Mark Zuckerberg and his wife, Priscilla Chan, M.D., today committed $3 billion toward basic research over the next decade, with the audacious goal of curing, preventing, or managing all diseases by the end of the century.

The Chan Zuckerberg Initiative, named for the pediatrician and the Facebook founder, chairman, and CEO, said the effort will be its second major focus area.

The couple has already identified a first project, setting aside $600 million over 10 years toward a research center that will foster collaborations by professionals across multiple disciplines, “including engineers, computer scientists, biologists, chemists and other innovators.”

The Chan Zuckerberg Biohub, as the center will be known, was formed with Stanford University, University of California, San Francisco (UCSF) and University of California, Berkeley. It will be led by Joseph DeRisi, Ph.D., of UCSF, and Stephen Quake, D.Phil., of Stanford University.
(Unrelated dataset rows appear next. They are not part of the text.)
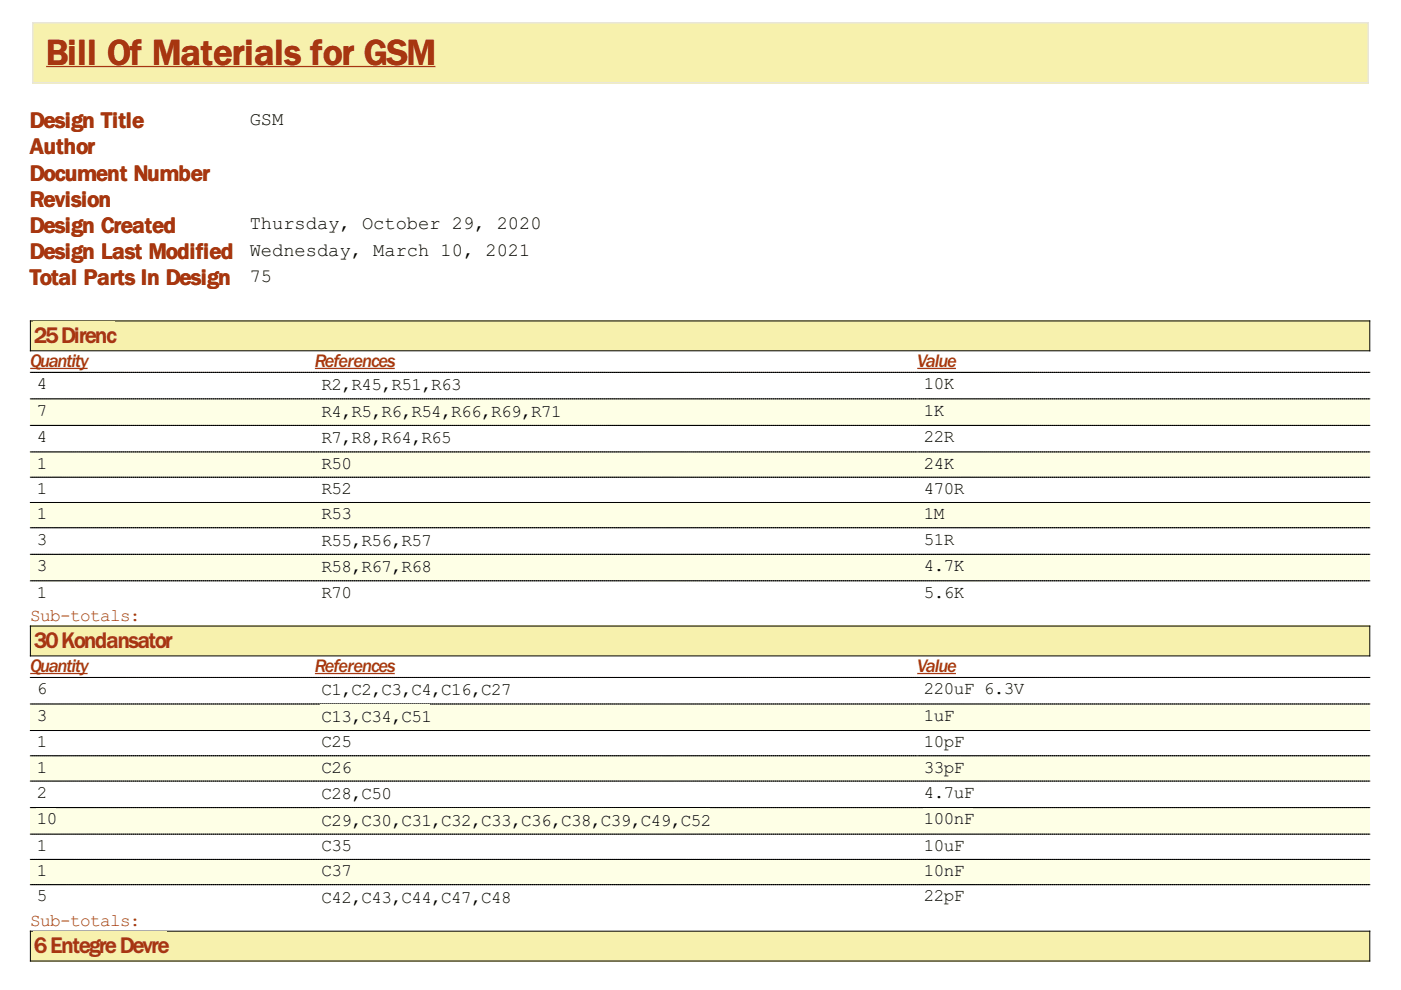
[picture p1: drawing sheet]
<svg xmlns="http://www.w3.org/2000/svg" width="297mm" height="210mm" viewBox="0 0 297 210" stroke-linecap="round" stroke-linejoin="round" font-family="sans-serif">
<defs><g id="words">
<text font-size="9" fill="#a73610" x="9.7" y="13.8">Bill Of Materials for GSM</text>
<g font-size="5.6" fill="#a73610">
<text x="6.3" y="27.2">Design Title</text>
<text x="6.3" y="32.7">Author</text>
<text x="6.3" y="38.3">Document Number</text>
<text x="6.3" y="43.9">Revision</text>
<text x="6.3" y="49.4">Design Created</text>
<text x="6.3" y="55">Design Last Modified</text>
<text x="6.3" y="60.5">Total Parts In Design</text>
<text x="7.2" y="72.7">25Direnc</text>
<text x="7.2" y="137.4">30Kondansator</text>
<text x="7.2" y="202">6EntegreDevre</text>
</g>
<g font-size="4.5">
<text x="53" y="26.4">GSM</text>
<text x="53" y="48.6">Thursday, October 29, 2020</text>
<text x="53" y="54.2">Wednesday, March 10, 2021</text>
<text x="53" y="59.7">75</text>
</g>
<g font-size="4.5" fill="#a73610">
<text x="6.4" y="77.9">Quantity</text>
<text x="66.8" y="77.9">References</text>
<text x="194.5" y="77.9">Value</text>
<text x="6.4" y="142.5">Quantity</text>
<text x="66.8" y="142.5">References</text>
<text x="194.5" y="142.5">Value</text>
</g>
<g font-size="4.2">
<text x="7.8" y="82.5">4</text>
<text x="68.2" y="82.8">R2,R45,R51,R63</text>
<text x="195.9" y="82.5">10K</text>
<text x="7.8" y="88.1">7</text>
<text x="68.2" y="88.4">R4,R5,R6,R54,R66,R69,R71</text>
<text x="195.9" y="88.1">1K</text>
<text x="7.8" y="93.8">4</text>
<text x="68.2" y="94">R7,R8,R64,R65</text>
<text x="195.9" y="93.8">22R</text>
<text x="7.8" y="99.4">1</text>
<text x="68.2" y="99.4">R50</text>
<text x="195.9" y="99.4">24K</text>
<text x="7.8" y="104.7">1</text>
<text x="68.2" y="104.7">R52</text>
<text x="195.9" y="104.7">470R</text>
<text x="7.8" y="110.1">1</text>
<text x="68.2" y="110.1">R53</text>
<text x="195.9" y="110.1">1M</text>
<text x="7.8" y="115.5">3</text>
<text x="68.2" y="115.7">R55,R56,R57</text>
<text x="195.9" y="115.5">51R</text>
<text x="7.8" y="121.1">3</text>
<text x="68.2" y="121.3">R58,R67,R68</text>
<text x="195.9" y="121.1">4.7K</text>
<text x="7.8" y="126.7">1</text>
<text x="68.2" y="126.7">R70</text>
<text x="195.9" y="126.7">5.6K</text>
<text x="7.8" y="147.2">6</text>
<text x="68.2" y="147.5">C1,C2,C3,C4,C16,C27</text>
<text x="195.9" y="147.2">220uF 6.3V</text>
<text x="7.8" y="152.8">3</text>
<text x="68.2" y="153.1">C13,C34,C51</text>
<text x="195.9" y="152.8">1uF</text>
<text x="7.8" y="158.4">1</text>
<text x="68.2" y="158.4">C25</text>
<text x="195.9" y="158.4">10pF</text>
<text x="7.8" y="163.8">1</text>
<text x="68.2" y="163.8">C26</text>
<text x="195.9" y="163.8">33pF</text>
<text x="7.8" y="169.2">2</text>
<text x="68.2" y="169.4">C28,C50</text>
<text x="195.9" y="169.2">4.7uF</text>
<text x="7.8" y="174.8">10</text>
<text x="68.2" y="175.1">C29,C30,C31,C32,C33,C36,C38,C39,C49,C52</text>
<text x="195.9" y="174.8">100nF</text>
<text x="7.8" y="180.4">1</text>
<text x="7.8" y="185.8">1</text>
<text x="68.2" y="180.4">C35</text>
<text x="68.2" y="185.8">C37</text>
<text x="195.9" y="180.4">10uF</text>
<text x="195.9" y="185.8">10nF</text>
<text x="7.8" y="191.1">5</text>
<text x="68.2" y="191.4">C42,C43,C44,C47,C48</text>
<text x="195.9" y="191.1">22pF</text>
</g>
<g font-size="4.2" fill="#a73610">
<text x="6.4" y="131.6">Sub-totals:</text>
<text x="6.4" y="196.3">Sub-totals:</text>
</g>
</g></defs>
<path d="M6.8 4.7h283.4v13h-283.4z" fill="#f7f1ad"/>
<path d="M7 4.8h283.1v12.8h-283.1z" fill="none" stroke="#e2e2ef" stroke-width=".21"/>
<path d="M9.8 6.9h82.5v9h-82.5z" fill="#f7f1ad"/>
<path d="M9.8 14.1h82.5" fill="none" stroke="#a73610" stroke-width=".26"/>
<path d="M6.4 68h284.1v6.4h-284.1z" fill="#f7f1ad"/>
<path d="M6.4 68h284v6.4h-284z" fill="none" stroke="#000" stroke-width=".21"/>
<path d="M7.1 68.2h17.2v5.6h-17.2z" fill="#f7f1ad"/>
<path d="M6.4 78.1h12.2M66.8 78.1h16.9M194.5 78.1h8.2" fill="none" stroke="#a73610" stroke-width=".26"/>
<path d="M6.4 78.9h60.3M66.8 78.9h127.6M194.5 78.9h95.9" fill="none" stroke="#000" stroke-width=".21" stroke-dasharray=".3 .1"/>
<path d="M6.4 84.5h60.4v5.7h-60.4z" fill="#feffe6"/>
<path d="M6.4 84.6h60.3" fill="none" stroke="#000" stroke-width=".21" stroke-dasharray=".3 .1"/>
<g fill="#feffe6">
<path d="M7.7 84.9h2.1v4.2h-2.1z"/>
<path d="M66.8 84.5h127.7v5.7h-127.7z"/>
</g>
<path d="M66.8 84.6h127.6" fill="none" stroke="#000" stroke-width=".21" stroke-dasharray=".3 .1"/>
<g fill="#feffe6">
<path d="M68 84.9h50.7v4.5h-50.7z"/>
<path d="M194.5 84.5h96v5.7h-96z"/>
</g>
<path d="M194.5 84.6h95.9" fill="none" stroke="#000" stroke-width=".21" stroke-dasharray=".3 .1"/>
<path d="M195.7 84.9h4.2v4.2h-4.2z" fill="#feffe6"/>
<path d="M6.4 90.2h60.3M66.8 90.2h127.6M194.5 90.2h95.9" fill="none" stroke="#000" stroke-width=".21" stroke-dasharray=".3 .1"/>
<path d="M6.4 95.8h60.4v5.3h-60.4z" fill="#feffe6"/>
<path d="M6.4 95.8h60.3" fill="none" stroke="#000" stroke-width=".21" stroke-dasharray=".3 .1"/>
<g fill="#feffe6">
<path d="M7.7 96h2.1v4.2h-2.1z"/>
<path d="M66.8 95.8h127.7v5.3h-127.7z"/>
</g>
<path d="M66.8 95.8h127.6" fill="none" stroke="#000" stroke-width=".21" stroke-dasharray=".3 .1"/>
<g fill="#feffe6">
<path d="M68 96h6.3v4.2h-6.3z"/>
<path d="M194.5 95.8h96v5.3h-96z"/>
</g>
<path d="M194.5 95.8h95.9" fill="none" stroke="#000" stroke-width=".21" stroke-dasharray=".3 .1"/>
<path d="M195.7 96h6.3v4.2h-6.3z" fill="#feffe6"/>
<path d="M6.4 101.2h60.3M66.8 101.2h127.6M194.5 101.2h95.9" fill="none" stroke="#000" stroke-width=".21" stroke-dasharray=".3 .1"/>
<path d="M6.4 106.5h60.4v5.4h-60.4z" fill="#feffe6"/>
<path d="M6.4 106.5h60.3" fill="none" stroke="#000" stroke-width=".21" stroke-dasharray=".3 .1"/>
<g fill="#feffe6">
<path d="M7.7 106.8h2.1v4.3h-2.1z"/>
<path d="M66.8 106.5h127.7v5.4h-127.7z"/>
</g>
<path d="M66.8 106.5h127.6" fill="none" stroke="#000" stroke-width=".21" stroke-dasharray=".3 .1"/>
<g fill="#feffe6">
<path d="M68 106.8h6.3v4.3h-6.3z"/>
<path d="M194.5 106.5h96v5.4h-96z"/>
</g>
<path d="M194.5 106.5h95.9" fill="none" stroke="#000" stroke-width=".21" stroke-dasharray=".3 .1"/>
<path d="M195.7 106.8h4.2v4.3h-4.2z" fill="#feffe6"/>
<path d="M6.4 111.9h60.3M66.8 111.9h127.6M194.5 111.9h95.9" fill="none" stroke="#000" stroke-width=".21" stroke-dasharray=".3 .1"/>
<path d="M6.4 117.5h60.4v5.6h-60.4z" fill="#feffe6"/>
<path d="M6.4 117.5h60.3" fill="none" stroke="#000" stroke-width=".21" stroke-dasharray=".3 .1"/>
<g fill="#feffe6">
<path d="M7.7 117.7h2.1v4.2h-2.1z"/>
<path d="M66.8 117.5h127.7v5.6h-127.7z"/>
</g>
<path d="M66.8 117.5h127.6" fill="none" stroke="#000" stroke-width=".21" stroke-dasharray=".3 .1"/>
<g fill="#feffe6">
<path d="M68 117.7h23.2v4.5h-23.2z"/>
<path d="M194.5 117.5h96v5.6h-96z"/>
</g>
<path d="M194.5 117.5h95.9" fill="none" stroke="#000" stroke-width=".21" stroke-dasharray=".3 .1"/>
<path d="M195.7 117.7h8.5v4.2h-8.5z" fill="#feffe6"/>
<path d="M6.4 123.1h60.3M66.8 123.1h127.6M194.5 123.1h95.9" fill="none" stroke="#000" stroke-width=".21" stroke-dasharray=".3 .1"/>
<path d="M6.4 132.7h284.1v6.4h-284.1z" fill="#f7f1ad"/>
<path d="M6.4 132.7h284v6.4h-284z" fill="none" stroke="#000" stroke-width=".21"/>
<path d="M7.1 133h29.1v5.6h-29.1z" fill="#f7f1ad"/>
<path d="M6.4 142.8h12.2M66.8 142.8h16.9M194.5 142.8h8.2" fill="none" stroke="#a73610" stroke-width=".26"/>
<path d="M6.4 143.6h60.3M66.8 143.6h127.6M194.5 143.6h95.9" fill="none" stroke="#000" stroke-width=".21" stroke-dasharray=".3 .1"/>
<path d="M6.4 149.2h60.4v5.7h-60.4z" fill="#feffe6"/>
<path d="M6.4 149.3h60.3" fill="none" stroke="#000" stroke-width=".21" stroke-dasharray=".3 .1"/>
<g fill="#feffe6">
<path d="M7.7 149.4h2.1v4.3h-2.1z"/>
<path d="M66.8 149.2h127.7v5.7h-127.7z"/>
</g>
<path d="M66.8 149.3h127.6" fill="none" stroke="#000" stroke-width=".21" stroke-dasharray=".3 .1"/>
<g fill="#feffe6">
<path d="M68 149.4h23.2v4.5h-23.2z"/>
<path d="M194.5 149.2h96v5.7h-96z"/>
</g>
<path d="M194.5 149.3h95.9" fill="none" stroke="#000" stroke-width=".21" stroke-dasharray=".3 .1"/>
<path d="M195.7 149.4h6.3v4.3h-6.3z" fill="#feffe6"/>
<path d="M6.4 154.9h60.3M66.8 154.9h127.6M194.5 154.9h95.9" fill="none" stroke="#000" stroke-width=".21" stroke-dasharray=".3 .1"/>
<path d="M6.4 160.2h60.4v5.4h-60.4z" fill="#feffe6"/>
<path d="M6.4 160.2h60.3" fill="none" stroke="#000" stroke-width=".21" stroke-dasharray=".3 .1"/>
<g fill="#feffe6">
<path d="M7.7 160.5h2.1v4.3h-2.1z"/>
<path d="M66.8 160.2h127.7v5.4h-127.7z"/>
</g>
<path d="M66.8 160.2h127.6" fill="none" stroke="#000" stroke-width=".21" stroke-dasharray=".3 .1"/>
<g fill="#feffe6">
<path d="M68 160.5h6.3v4.3h-6.3z"/>
<path d="M194.5 160.2h96v5.4h-96z"/>
</g>
<path d="M194.5 160.2h95.9" fill="none" stroke="#000" stroke-width=".21" stroke-dasharray=".3 .1"/>
<path d="M195.7 160.5h8.5v4.3h-8.5z" fill="#feffe6"/>
<path d="M6.4 165.6h60.3M66.8 165.6h127.6M194.5 165.6h95.9" fill="none" stroke="#000" stroke-width=".21" stroke-dasharray=".3 .1"/>
<path d="M6.4 171.2h60.4v5.6h-60.4z" fill="#feffe6"/>
<path d="M6.4 171.2h60.3" fill="none" stroke="#000" stroke-width=".21" stroke-dasharray=".3 .1"/>
<g fill="#feffe6">
<path d="M7.7 171.4h4.2v4.2h-4.2z"/>
<path d="M66.8 171.2h127.7v5.6h-127.7z"/>
</g>
<path d="M66.8 171.2h127.6" fill="none" stroke="#000" stroke-width=".21" stroke-dasharray=".3 .1"/>
<g fill="#feffe6">
<path d="M68 171.4h82.5v4.5h-82.5z"/>
<path d="M194.5 171.2h96v5.6h-96z"/>
</g>
<path d="M194.5 171.2h95.9" fill="none" stroke="#000" stroke-width=".21" stroke-dasharray=".3 .1"/>
<path d="M195.7 171.4h10.6v4.2h-10.6z" fill="#feffe6"/>
<path d="M6.4 176.9h60.3M66.8 176.9h127.6M194.5 176.9h95.9" fill="none" stroke="#000" stroke-width=".21" stroke-dasharray=".3 .1"/>
<path d="M6.4 182.2h60.4v5.3h-60.4z" fill="#feffe6"/>
<path d="M6.4 182.2h60.3" fill="none" stroke="#000" stroke-width=".21" stroke-dasharray=".3 .1"/>
<g fill="#feffe6">
<path d="M7.7 182.5h2.1v4.2h-2.1z"/>
<path d="M66.8 182.2h127.7v5.3h-127.7z"/>
</g>
<path d="M66.8 182.2h127.6" fill="none" stroke="#000" stroke-width=".21" stroke-dasharray=".3 .1"/>
<g fill="#feffe6">
<path d="M68 182.5h6.3v4.2h-6.3z"/>
<path d="M194.5 182.2h96v5.3h-96z"/>
</g>
<path d="M194.5 182.2h95.9" fill="none" stroke="#000" stroke-width=".21" stroke-dasharray=".3 .1"/>
<path d="M195.7 182.5h8.5v4.2h-8.5z" fill="#feffe6"/>
<path d="M6.4 187.6h60.3M66.8 187.6h127.6M194.5 187.6h95.9" fill="none" stroke="#000" stroke-width=".21" stroke-dasharray=".3 .1"/>
<path d="M6.4 197.4h284.1v6.4h-284.1z" fill="#f7f1ad"/>
<path d="M6.4 197.4h284v6.4h-284z" fill="none" stroke="#000" stroke-width=".21"/>
<path d="M7.1 197.6h28.3v5.5h-28.3z" fill="#f7f1ad"/>
<use href="#words"/>
</svg>

The Biohub plans to immediately launch two research projects set to be conducted over the next five years. One is a “Cell Atlas” map designed to depict the internal machinery of cells “in unprecedented detail, enabling scientists to search for the basic breakdown that occurs when disease strikes.”

The other project will explore new approaches and develop new tools for creating drugs, diagnostic tests, and vaccines against infectious diseases that include HIV, Ebola, and Zika.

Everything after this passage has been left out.